New York City Mayor Bill de Blasio (D) is taking advantage of the disarray of the city’s school system caused by the pandemic “crisis” to make changes to how some selective middle and high schools admit students in order to allow more black and Hispanic students entry.
The New York Times reported in June that de Blasio views the use of screening criteria such as “attendance, grades, test scores, school work and sometimes interviews and recommendations” for students to be admitted to selective city schools as a tool of “segregation” because many black and Hispanic students do not achieve the level required for admission.
“Critics say that the process is inherently unfair, because it privileges children whose families have the time and money to navigate the complex system and pay for test preparation or consultants,” Times education columnist Eliza Shapiro wrote, “and that it discriminates against qualified but low-income black and Hispanic students”:
On Friday, Shapiro wrote that the pandemic has “finally prompted Mr. de Blasio … to implement some of the most sweeping school integration measures in New York City’s recent history.”

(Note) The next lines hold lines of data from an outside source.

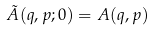Convert formula to latex. <formula><loc_0><loc_0><loc_500><loc_500>\tilde { A } ( q , p ; 0 ) = A ( q , p )</formula> 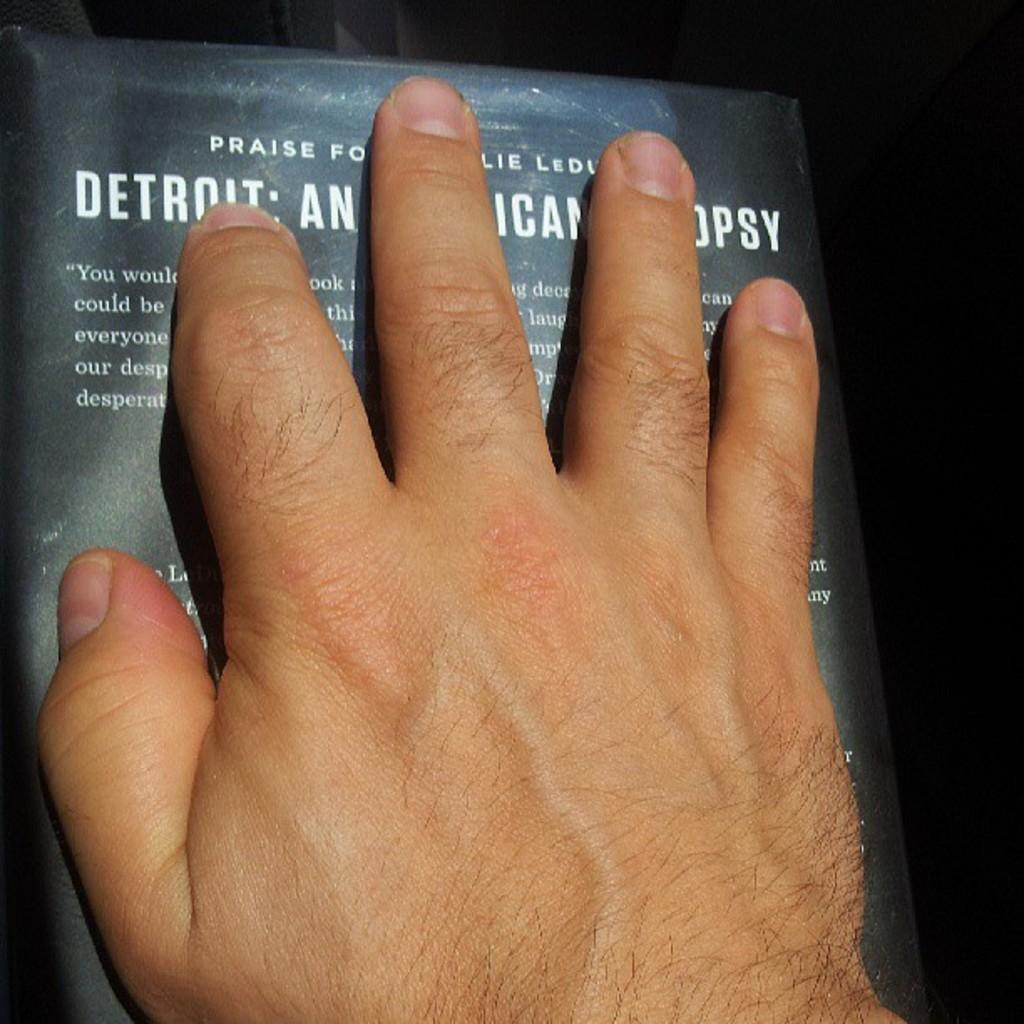What can be seen in the image related to a person? There is a hand of a person in the image. What is the hand doing in the image? The hand is placed on a book. How many pears can be seen on the slope in the image? There are no pears or slopes present in the image; it only features a hand placed on a book. 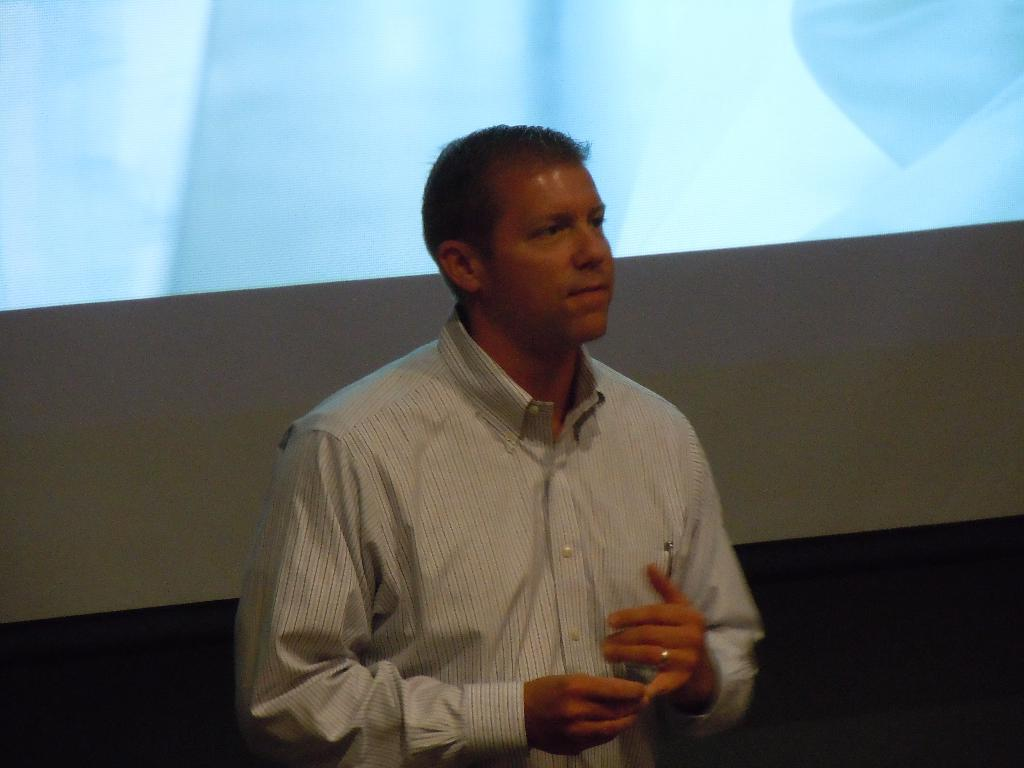What is the main subject of the image? There is a person standing in the center of the image. What can be seen in the background of the image? There is a wall and a screen in the background of the image. What type of straw is being used by the person in the image? There is no straw present in the image. What form does the person in the image take? The person in the image is depicted in a human form, as they are standing. What is the limit of the person's movement in the image? The person in the image is standing, so their movement is limited to their current position. 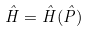<formula> <loc_0><loc_0><loc_500><loc_500>\hat { H } = \hat { H } ( \hat { P } )</formula>

“By the time I leave the mayoralty, I think we will have put the city on a very different course, certainly vis-à-vis screened schools,” the mayor, who is in his seventh year of office, said Friday. “This is clearly a beginning.”
According to the Times report, the mayor’s new policies will alter how about 400 of the city’s 1,800 schools screen for admission. What will not be affected, however, is how students are admitted to the city’s most elite selective high schools, such as Stuyvesant High School and Bronx High School of Science.
As Breitbart News reported in 2018, Asian American families fiercely criticized de Blasio’s ultimately failed attempt to integrate the elite specialized high schools by eliminating the entrance exam. The families claimed he was creating further divisiveness.
“The mayor is pitting minority against minority and that’s really messed up,” said Kenneth Chiu, president of the New York City Asian-American Democratic Club, the New York Post reported at the time:
Middle schools are expected to see the greatest changes in the current plan, as de Blasio ends all admissions criteria, including grades and test scores, adopting, instead, a random lottery.